EXERCISE DESCRIPTION = Your copy of the data should match it exactly, leaving out only the pictures.

PROVIDED INFORMATION =
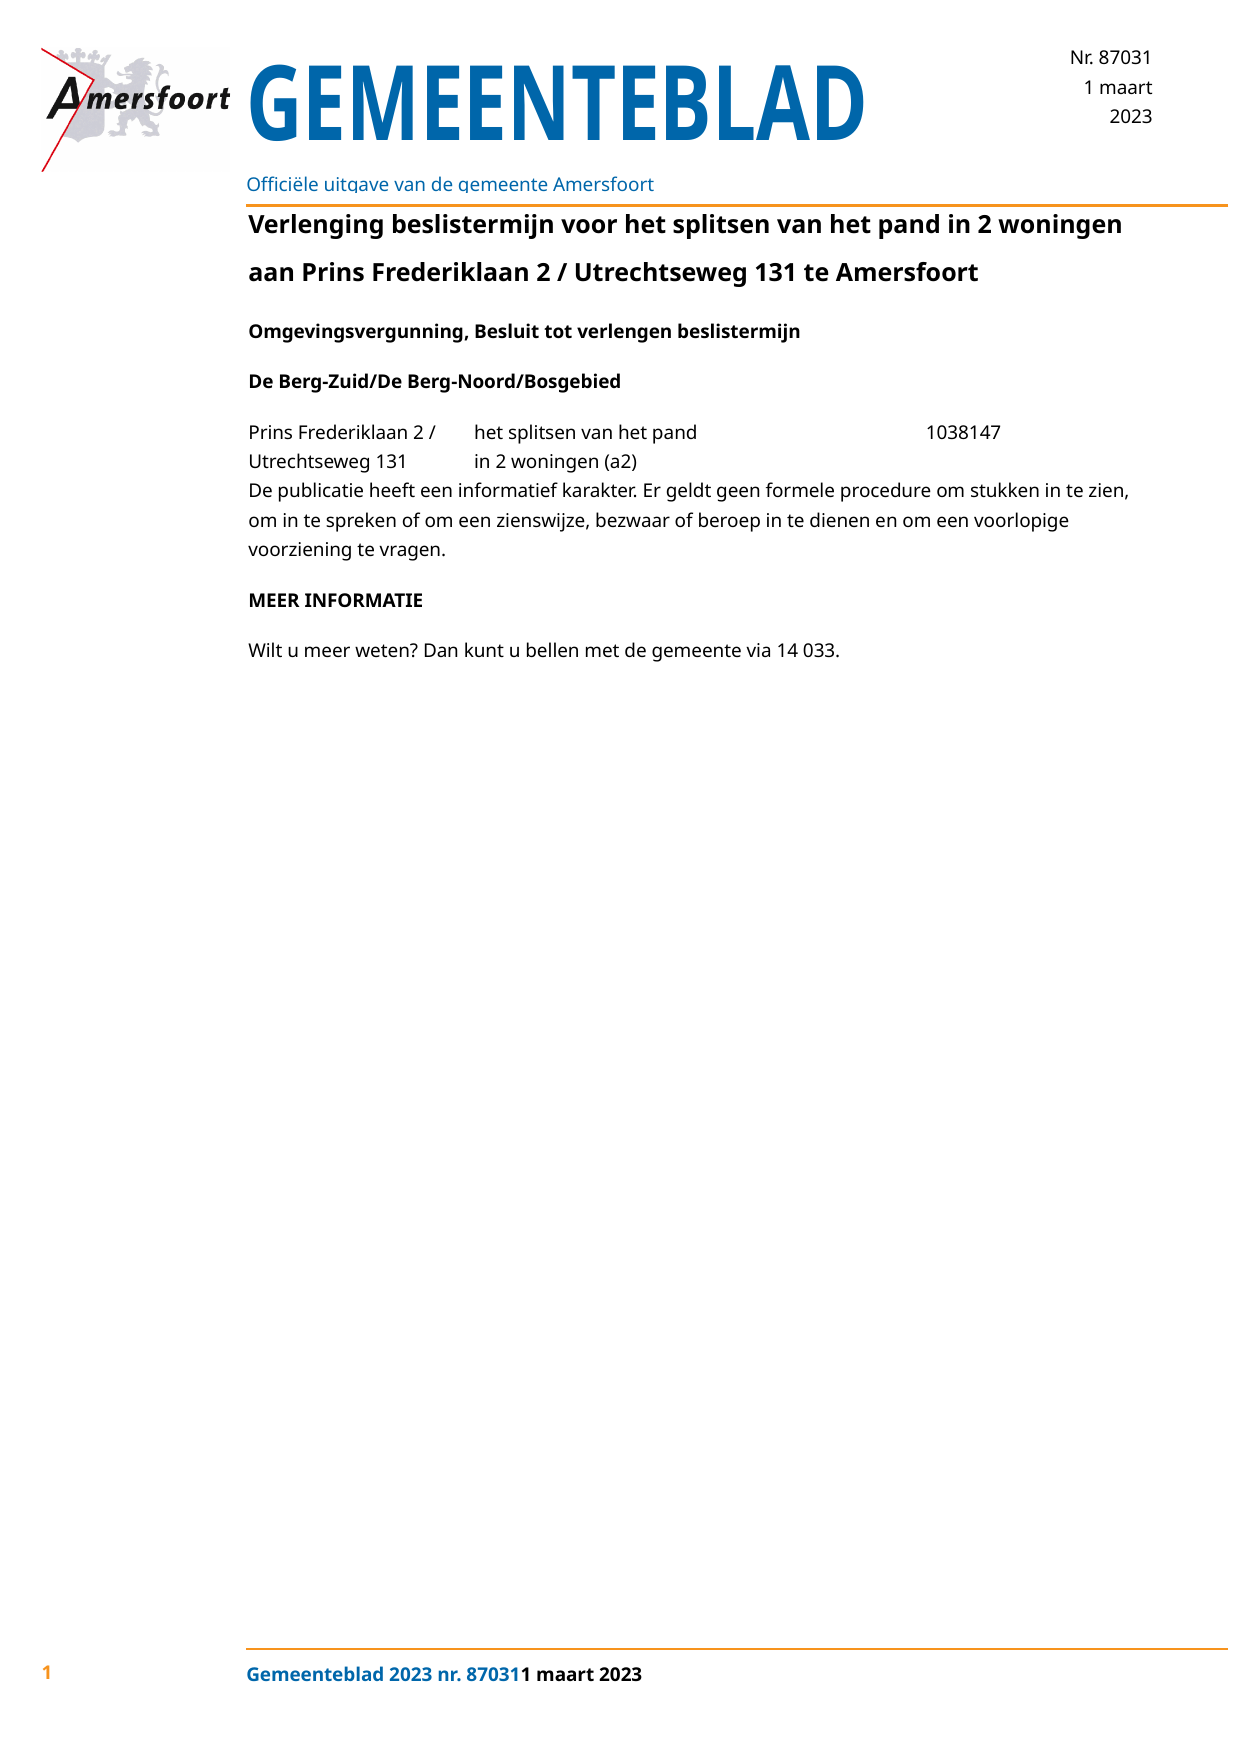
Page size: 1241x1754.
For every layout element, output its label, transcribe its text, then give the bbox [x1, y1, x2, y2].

picture [41, 47, 231, 172]
table_header Prins Frederiklaan 2 / Utrechtseweg 131 [248, 419, 474, 474]
text De publicatie heeft een informatief karakter. Er geldt geen formele procedure om stukken in te zien, om in te spreken of om een zienswijze, bezwaar of beroep in te dienen en om een voorlopige voorziening te vragen. [248, 477, 1152, 562]
text MEER INFORMATIE [248, 587, 1152, 613]
text Verlenging beslistermijn voor het splitsen van het pand in 2 woningen aan Prins Frederiklaan 2 / Utrechtseweg 131 te Amersfoort [248, 207, 1152, 288]
text Omgevingsvergunning, Besluit tot verlengen beslistermijn [248, 318, 1152, 344]
text Wilt u meer weten? Dan kunt u bellen met de gemeente via 14 033. [248, 637, 1152, 663]
table_header het splitsen van het pand in 2 woningen (a2) [474, 419, 700, 474]
table_header 1038147 [926, 419, 1152, 474]
table_header [700, 419, 926, 474]
text De Berg-Zuid/De Berg-Noord/Bosgebied [248, 368, 1152, 394]

RESULT FOR THIS EXERCISE =
Page size: 1241x1754.
For every layout element, output its label, transcribe its text, then give the bbox [x1, y1, x2, y2].

picture [41, 47, 231, 172]
table_header Prins Frederiklaan 2 / Utrechtseweg 131 [248, 419, 474, 474]
text De publicatie heeft een informatief karakter. Er geldt geen formele procedure om stukken in te zien, om in te spreken of om een zienswijze, bezwaar of beroep in te dienen en om een voorlopige voorziening te vragen. [248, 477, 1152, 562]
text MEER INFORMATIE [248, 587, 1152, 613]
text Verlenging beslistermijn voor het splitsen van het pand in 2 woningen aan Prins Frederiklaan 2 / Utrechtseweg 131 te Amersfoort [248, 207, 1152, 288]
text Omgevingsvergunning, Besluit tot verlengen beslistermijn [248, 318, 1152, 344]
text Wilt u meer weten? Dan kunt u bellen met de gemeente via 14 033. [248, 637, 1152, 663]
table_header het splitsen van het pand in 2 woningen (a2) [474, 419, 700, 474]
table_header 1038147 [926, 419, 1152, 474]
table_header [700, 419, 926, 474]
text De Berg-Zuid/De Berg-Noord/Bosgebied [248, 368, 1152, 394]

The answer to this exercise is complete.